Any suggestions would be very welcome!
推荐答案
尽管我的选择路径与您的有所不同,但我还是给了它一个机会.也许,有一种方法可以按原样操作数据以给出结果(甚至可能很快),但是我更喜欢使用长"格式.长格式也可以通过"data.table"和"dplyr"之类的包快速进行处理.
I gave it a shot, although I followed a bit different path than yours. Perhaps, there could be a way to manipulate your data as is to give the result (and maybe, even, fast) but I preferred to use a "long" format instead. A long format can, also, be fastly manipulated with packages like "data.table" and "dplyr".
首先,我将您的av
转换为以下格式的长格式:
Firstly, I transformed your av
to a long format of the following format:
#turn to long format
long_DF = as.data.frame(as.table(av), responseName = "value")
#tidy up
tmp = do.call(rbind.data.frame, strsplit(as.character(long_DF[[2]]), "_"))
long_DF$firm = tmp[, 1] ; long_DF$year = tmp[, 2]
long_DF$event = long_DF[[1]] ; long_DF = long_DF[-(1:2)]
long_DF[c(1,4,5,8,15,16,20), ]
# value firm year event
#1 0 a 1980 X1
#4 0 a 1980 X4
#5 0 a 1980 X5
#8 1 a 1980 X8
#15 0 b 1980 X5
#16 0 b 1980 X6
#20 1 b 1980 X10
从现在开始,我想将会有许多不同且更有效的方法,但是我只能-提出以下内容:
From here on, I guess there would be many different and more efficient approaches, but I could -only- come up with the following:
#3D array
res = xtabs(value ~ firm + year + event, long_DF)
res[, , 3, drop = F]
#, , event = X3
#
# year
#firm 1980 1981 1982 1983 1984 1985 1986 1987
# a 0 0 0 0 0 0 0 0
# b 0 0 0 0 1 0 0 0
# c 0 0 0 0 0 0 0 1
# d 0 0 0 0 0 0 0 0
# e 0 0 0 0 0 0 0 0
对于每个第3维,您可以搜索1)哪个值([行,列])大于0和2)哪个值在可用的最小列中(即事件发生在较早的年份).此功能的实现可以是以下功能:
For each 3rd dimension you could search for 1)which values ([row, column]) are above 0 and 2) which of them are in the minimum column available (i.e. the event occured in an earlier year).
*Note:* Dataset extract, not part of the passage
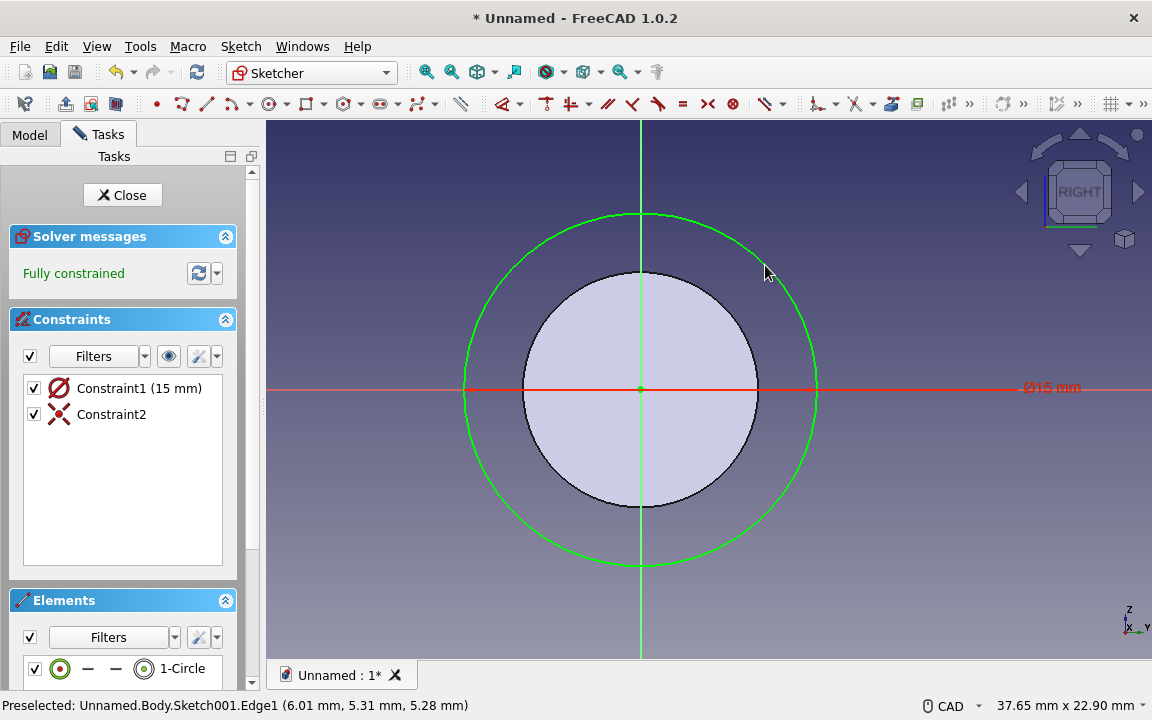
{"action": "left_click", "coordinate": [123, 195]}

An implementation of this could be the following function:
#function to apply to each 3rd dimension
f1 = function(x) {
wh = which(x > 0, arr.ind = T)
wh2 = which(wh[, "col"] == min(wh[, "col"]))
wh3 = wh[wh2, , drop = F]
cbind.data.frame(firm = rownames(x)[wh3[, 1]],
year = colnames(x)[wh3[, 2]],
val = x[wh3])
}
然后将该函数应用于每个第3维;即针对每个事件:
And apply the function to each 3rd dimension; i.e. to each event:
ret = apply(res, 3, f1)
#ret
ans = cbind.data.frame(event = rep(names(ret), lapply(ret, nrow)),
do.call(rbind.data.frame, apply(res, 3, f1)))
ans
# event firm year val
#X1 X1 b 1984 1
#X2 X2 b 1984 1
#X3 X3 b 1984 1
#X4 X4 b 1984 1
#X5 X5 b 1984 1
#X6 X6 b 1984 1
#X7 X7 b 1984 1
#X8.1 X8 a 1980 1
#X8.2 X8 b 1980 2
#X8.3 X8 d 1980 1
#X8.4 X8 e 1980 2
#X9 X9 a 1980 2
#X10.1 X10 b 1980 1
#X10.2 X10 c 1980 2
#X10.3 X10 e 1980 1
这篇关于R:搜寻和隔离时间序列中的多个首次出现的文章就介绍到这了,希望我们推荐的答案对大家有所帮助,也希望大家多多支持!